▸ Task statement: Your task is to quote the listing below exactly, beginning with its first line and ending on the line bearing "(1) Imagine slicing".

+++

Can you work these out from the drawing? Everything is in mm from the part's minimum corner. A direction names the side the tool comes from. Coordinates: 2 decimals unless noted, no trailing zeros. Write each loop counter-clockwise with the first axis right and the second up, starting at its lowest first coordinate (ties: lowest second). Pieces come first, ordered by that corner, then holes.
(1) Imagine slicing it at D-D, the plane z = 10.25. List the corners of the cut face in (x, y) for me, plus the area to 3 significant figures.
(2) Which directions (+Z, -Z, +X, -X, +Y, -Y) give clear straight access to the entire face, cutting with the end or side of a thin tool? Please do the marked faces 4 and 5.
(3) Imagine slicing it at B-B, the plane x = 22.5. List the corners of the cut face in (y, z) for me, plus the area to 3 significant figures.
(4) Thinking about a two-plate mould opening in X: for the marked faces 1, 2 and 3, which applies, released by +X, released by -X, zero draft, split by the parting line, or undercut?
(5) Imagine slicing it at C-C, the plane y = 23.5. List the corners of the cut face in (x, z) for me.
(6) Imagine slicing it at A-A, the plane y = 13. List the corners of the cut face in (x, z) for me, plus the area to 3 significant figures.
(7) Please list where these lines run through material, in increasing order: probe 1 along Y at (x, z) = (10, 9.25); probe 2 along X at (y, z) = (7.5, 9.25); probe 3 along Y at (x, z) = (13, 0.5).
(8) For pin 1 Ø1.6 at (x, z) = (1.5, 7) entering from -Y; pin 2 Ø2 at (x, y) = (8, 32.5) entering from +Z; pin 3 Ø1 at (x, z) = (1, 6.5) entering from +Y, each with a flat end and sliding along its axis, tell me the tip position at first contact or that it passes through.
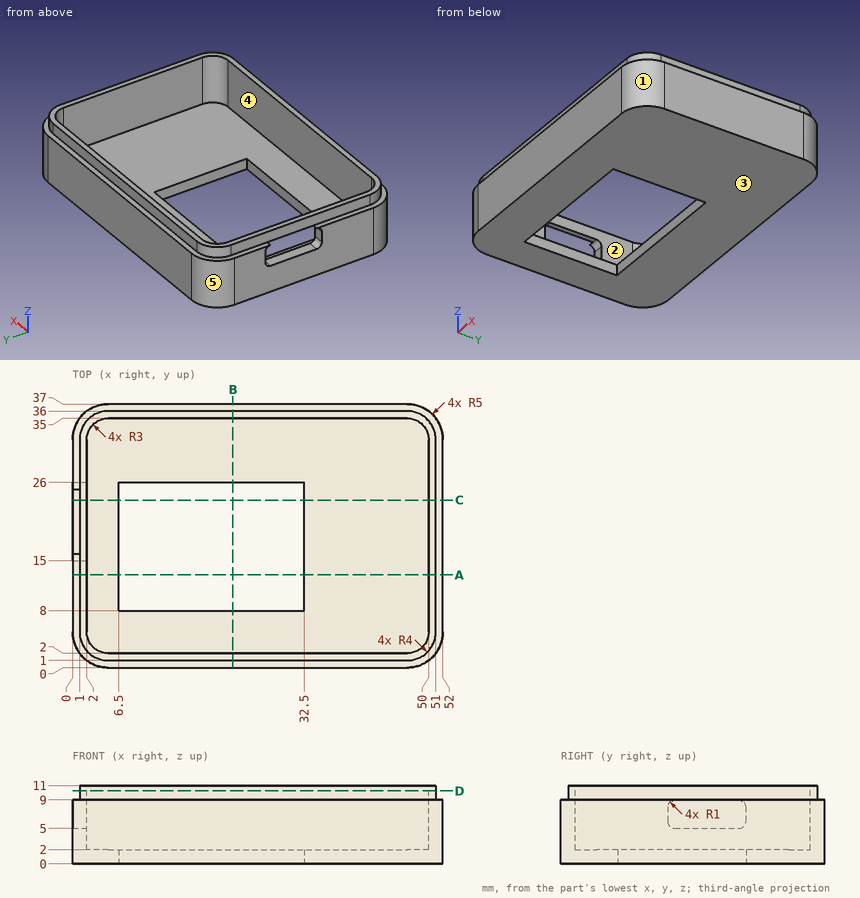
Recorded:
1. outline: (1, 5) arc R4 ccw to (5, 1) - (47, 1) arc R4 ccw to (51, 5) - (51, 32) arc R4 ccw to (47, 36) - (5, 36) arc R4 ccw to (1, 32) - close; hole (2, 5) arc R3 ccw to (5, 2) - (47, 2) arc R3 ccw to (50, 5) - (50, 32) arc R3 ccw to (47, 35) - (5, 35) arc R3 ccw to (2, 32) - close
1. area: 160 mm2
2. face 4: +Z
2. face 5: +Z, -Z, -X, +Y
3. outline: (0, 0) - (8, 0) - (8, 2) - (2, 2) - (2, 11) - (1, 11) - (1, 9) - (0, 9) - close; (26, 0) - (37, 0) - (37, 9) - (36, 9) - (36, 11) - (35, 11) - (35, 2) - (26, 2) - close
3. area: 70.0 mm2
4. face 1: released by +X
4. face 2: undercut
4. face 3: zero draft
5. outline: (0, 0) - (6.5, 0) - (6.5, 2) - (2, 2) - (2, 5) - (0, 5) - close; (1, 9) - (2, 9) - (2, 11) - (1, 11) - close; (32.5, 0) - (52, 0) - (52, 9) - (51, 9) - (51, 11) - (50, 11) - (50, 2) - (32.5, 2) - close
6. outline: (0, 0) - (6.5, 0) - (6.5, 2) - (2, 2) - (2, 11) - (1, 11) - (1, 9) - (0, 9) - close; (32.5, 0) - (52, 0) - (52, 9) - (51, 9) - (51, 11) - (50, 11) - (50, 2) - (32.5, 2) - close
6. area: 84.0 mm2
7. probe 1: y = 1 to 2, 35 to 36
7. probe 2: x = 1 to 2, 50 to 51
7. probe 3: y = 0 to 8, 26 to 37
8. pin 1: stops at y = 0.79
8. pin 2: stops at z = 2
8. pin 3: stops at y = 35.57
Source: CAD feature listing. Evaluate the final solid. Frame: model axes, mm. A direction names the side the tool comes from. Give positions to 0.01 mm unless a question says otherwise; leave off trailing zeros. Loops run counter-clockwise (first coordinate to the right, second up) from the corner with the lowest first, then second, coordinate; pieces in that order, holes last. Notation, with made-up numbers: (74.5, 88.25) - (90.5, 88.25) arc R11 ccw to (90.5, 109.25) - close; hole circle Ø7 at (-21, 67.25). An arc over 180 degrees is marked (long way). Write each question's results on one line, items separated by ' | '. Start each with the question number.
(1) Cut plane D-D on y = 3.8. Return the cut outline in (x, z), then the cut area to 3 significant figures.
(2) Contact query for flat-ended pins moving along their axis: pin 1 (5.5 mm diameter, centred on x = 0, z = 0, fed in from +Y); pin 2 (1.5 mm diameter, centred on y = 5, z = 2, fed in from +X); pin 3 (2.5 mm diameter, centred on x = 7.5, z = 0, fed in from +Y). Output: stop coordinate, or through.
(3) Cut plane B-B on x = 0. Return the cut outline in (y, z), then the cut area to 4 significant figures.
(4) Reachability of faces 1 (the cylindrical face through (0.9, 2.71, 2.86)), 2 (the cylindrical face through (4.214, 3.726, -0.553)) from +Z, -Z, +X, -X, +Y, -Y: full face, straight path, thin tool, end or side. Return the list, or none.
(5) Pull-direction query (X, two-part tool) for faces 3 (the flat face through (0, 2, 5)), 4 (the cylindrical face through (3.2, 1, 10)), 5 (the cylindrical face through (0.03, 1.01, -8.25)); classes: pulls with the +X half, pulls with the -X half, needs draft (parallel to the pull), parting line crosses it, or undercut.
(6) Cut plane C-C on z = -7.5. Return the cut outline in (x, y), then the cut area to 3 significant figures.
(7) Material intervals for line 1 along X through (y, z) = (0.9, 0); line 2 along X through (y, z) = (2.8, 0); line 3 along Y through (x, z) = (-6.5, -0.75), sorted ascending. Write a range as [from, to].
(8) Cut plane A-A on z = 0. Return the cut outline in (x, y).
from build123d import *

# Parameters (mm, degrees)
SKIZZE1_R                       = 10.5
AUFSATZ_LINEAR_AUSTRAGEN1_DEPTH = 2
SKIZZE2_R                       = 4.25
SKIZZE2_R_2                     = 3
AUFSATZ_LINEAR_AUSTRAGEN2_DEPTH = 3.5
SKIZZE3_R                       = 0.75
SCHNITT_LINEAR_AUSTRAGEN1_DEPTH = 3.5
SCHNITT_LINEAR_START            = -3.5
SKIZZE4_R                       = 3
SCHNITT_LINEAR_AUSTRAGEN2_DEPTH = 3.5


with BuildPart() as part:
    # Skizze1 → Aufsatz-Linear austragen1 (new body)
    with BuildSketch(Plane(origin=(0, 0, 0), x_dir=(1, 0, 0), z_dir=(0, 1, 0))):
        with Locations(Location((0, 0, 0), (0, 0, 270))):
            Circle(SKIZZE1_R)
    extrude(amount=AUFSATZ_LINEAR_AUSTRAGEN1_DEPTH)

    # Skizze2 → Aufsatz-Linear austragen2 (add)
    with BuildSketch(Plane(origin=(0, 2, 0), x_dir=(1, 0, 0), z_dir=(0, 1, 0))):
        with Locations(Location((0, 0, 0), (0, 0, 270))):
            Circle(SKIZZE2_R)
        with Locations(Location((0, 0, 0), (0, 0, 270))):
            Circle(SKIZZE2_R_2, mode=Mode.SUBTRACT)
    extrude(amount=AUFSATZ_LINEAR_AUSTRAGEN2_DEPTH)

    # Skizze3 → Schnitt-Linear austragen1 (cut)
    with BuildSketch(Plane(origin=(0, 2, 0), x_dir=(1, 0, 0), z_dir=(0, 1, 0))):
        with Locations(Location((0, 7.5, 0), (0, 0, 270))):
            Circle(SKIZZE3_R)
        with Locations(Location((0, -7.5, 0), (0, 0, 270))):
            Circle(SKIZZE3_R)
        with Locations(Location((7.5, 0, 0), (0, 0, 270))):
            Circle(SKIZZE3_R)
        with Locations(Location((-7.5, 0, 0), (0, 0, 270))):
            Circle(SKIZZE3_R)
    extrude(amount=-SCHNITT_LINEAR_AUSTRAGEN1_DEPTH, mode=Mode.SUBTRACT)

    # Skizze4 → Schnitt-Linear austragen2 (cut)
    with BuildSketch(Plane(origin=(0, 2, 0), x_dir=(1, 0, 0), z_dir=(0, 1, 0)).offset(SCHNITT_LINEAR_START)):
        with Locations(Location((0, 0, 0), (0, 0, 270))):
            Circle(SKIZZE4_R)
    extrude(amount=SCHNITT_LINEAR_AUSTRAGEN2_DEPTH, mode=Mode.SUBTRACT)


solid = part.part
Ans:
1) outline: circle Ø8.5 at (0, 0); hole circle Ø6 at (0, 0) | area: 28.5 mm^2
2) pin 1: through | pin 2: x = 4.06 | pin 3: y = 2
3) outline: (0, -10.5) - (2, -10.5) - (2, -8.25) - (0, -8.25) - close; (0, -6.75) - (2, -6.75) - (2, -4.25) - (5.5, -4.25) - (5.5, -3) - (0, -3) - close; (0, 3) - (5.5, 3) - (5.5, 4.25) - (2, 4.25) - (2, 6.75) - (0, 6.75) - close; (0, 8.25) - (2, 8.25) - (2, 10.5) - (0, 10.5) - close | area: 32.75 mm^2
4) face 1: +Y, -Y | face 2: +Y
5) face 3: needs draft | face 4: parting line crosses it | face 5: undercut
6) outline: (-7.35, 0) - (-0.75, 0) - (-0.75, 2) - (-7.35, 2) - close; (0.75, 0) - (7.35, 0) - (7.35, 2) - (0.75, 2) - close | area: 26.4 mm^2
7) line 1: [-10.5, -8.25], [-6.75, -3], [3, 6.75], [8.25, 10.5] | line 2: [-4.25, -3], [3, 4.25] | line 3: [0, 2]
8) outline: (-10.5, 0) - (-8.25, 0) - (-8.25, 2) - (-10.5, 2) - close; (-6.75, 0) - (-3, 0) - (-3, 5.5) - (-4.25, 5.5) - (-4.25, 2) - (-6.75, 2) - close; (3, 0) - (6.75, 0) - (6.75, 2) - (4.25, 2) - (4.25, 5.5) - (3, 5.5) - close; (8.25, 0) - (10.5, 0) - (10.5, 2) - (8.25, 2) - close
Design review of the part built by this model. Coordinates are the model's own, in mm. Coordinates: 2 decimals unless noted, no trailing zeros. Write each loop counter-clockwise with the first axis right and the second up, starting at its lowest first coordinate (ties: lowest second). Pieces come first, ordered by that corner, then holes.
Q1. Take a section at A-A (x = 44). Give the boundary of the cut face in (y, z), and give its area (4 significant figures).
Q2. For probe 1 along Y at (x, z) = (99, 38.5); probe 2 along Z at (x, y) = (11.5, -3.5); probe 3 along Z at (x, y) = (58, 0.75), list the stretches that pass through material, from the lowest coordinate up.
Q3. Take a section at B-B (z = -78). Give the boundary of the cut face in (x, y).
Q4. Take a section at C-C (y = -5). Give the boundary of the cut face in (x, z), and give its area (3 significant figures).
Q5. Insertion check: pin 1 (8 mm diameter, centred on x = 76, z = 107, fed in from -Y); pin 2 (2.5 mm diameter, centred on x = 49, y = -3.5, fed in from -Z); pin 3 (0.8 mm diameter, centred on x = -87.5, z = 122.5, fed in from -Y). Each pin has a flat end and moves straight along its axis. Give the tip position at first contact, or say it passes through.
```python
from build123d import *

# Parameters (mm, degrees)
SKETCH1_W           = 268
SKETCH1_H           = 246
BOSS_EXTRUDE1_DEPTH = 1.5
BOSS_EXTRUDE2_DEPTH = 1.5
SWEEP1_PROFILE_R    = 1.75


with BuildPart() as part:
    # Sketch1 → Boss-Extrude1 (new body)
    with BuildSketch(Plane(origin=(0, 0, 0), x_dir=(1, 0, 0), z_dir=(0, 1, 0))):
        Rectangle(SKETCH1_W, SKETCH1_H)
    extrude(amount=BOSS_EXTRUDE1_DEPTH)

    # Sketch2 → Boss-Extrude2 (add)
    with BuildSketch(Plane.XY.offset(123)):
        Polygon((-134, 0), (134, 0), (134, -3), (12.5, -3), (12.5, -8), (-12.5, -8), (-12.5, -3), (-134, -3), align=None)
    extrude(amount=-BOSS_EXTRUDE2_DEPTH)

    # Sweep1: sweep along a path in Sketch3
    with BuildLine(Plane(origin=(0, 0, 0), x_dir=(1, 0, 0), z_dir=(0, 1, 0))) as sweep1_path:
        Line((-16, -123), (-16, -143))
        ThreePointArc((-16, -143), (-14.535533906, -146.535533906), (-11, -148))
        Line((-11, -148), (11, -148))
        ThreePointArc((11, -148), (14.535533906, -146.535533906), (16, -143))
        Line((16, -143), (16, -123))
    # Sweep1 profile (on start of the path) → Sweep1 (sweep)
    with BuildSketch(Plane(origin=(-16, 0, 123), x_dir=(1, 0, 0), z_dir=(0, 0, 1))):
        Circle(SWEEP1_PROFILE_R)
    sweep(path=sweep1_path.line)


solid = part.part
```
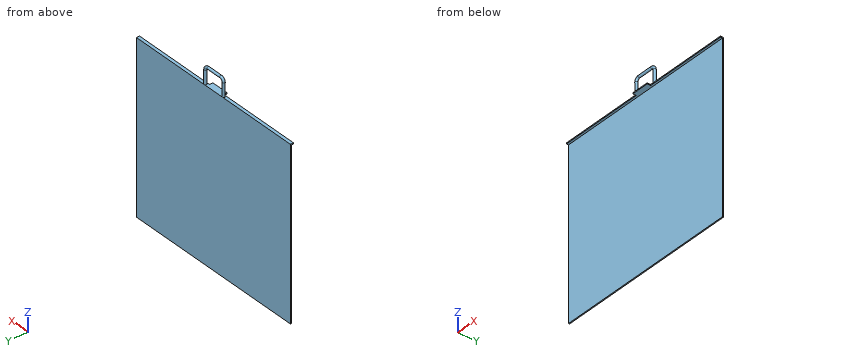
Response:
1. outline: (-3, 121.5) - (0, 121.5) - (0, -123) - (1.5, -123) - (1.5, 123) - (-3, 123) - close
1. area: 373.5 mm2
2. probe 1: y = 0 to 1.5
2. probe 2: z = 121.5 to 123
2. probe 3: z = -123 to 123
3. outline: (-134, 0) - (134, 0) - (134, 1.5) - (-134, 1.5) - close
4. outline: (-12.5, 121.5) - (12.5, 121.5) - (12.5, 123) - (-12.5, 123) - close
4. area: 37.5 mm2
5. pin 1: stops at y = 0
5. pin 2: stops at z = 121.5
5. pin 3: stops at y = -3

+++

▸ Result of the exercise:
Can you work these out from the drawing? Everything is in mm from the part's minimum corner. A direction names the side the tool comes from. Coordinates: 2 decimals unless noted, no trailing zeros. Write each loop counter-clockwise with the first axis right and the second up, starting at its lowest first coordinate (ties: lowest second). Pieces come first, ordered by that corner, then holes.
(1) Imagine slicing it at D-D, the plane z = 10.25. List the corners of the cut face in (x, y) for me, plus the area to 3 significant figures.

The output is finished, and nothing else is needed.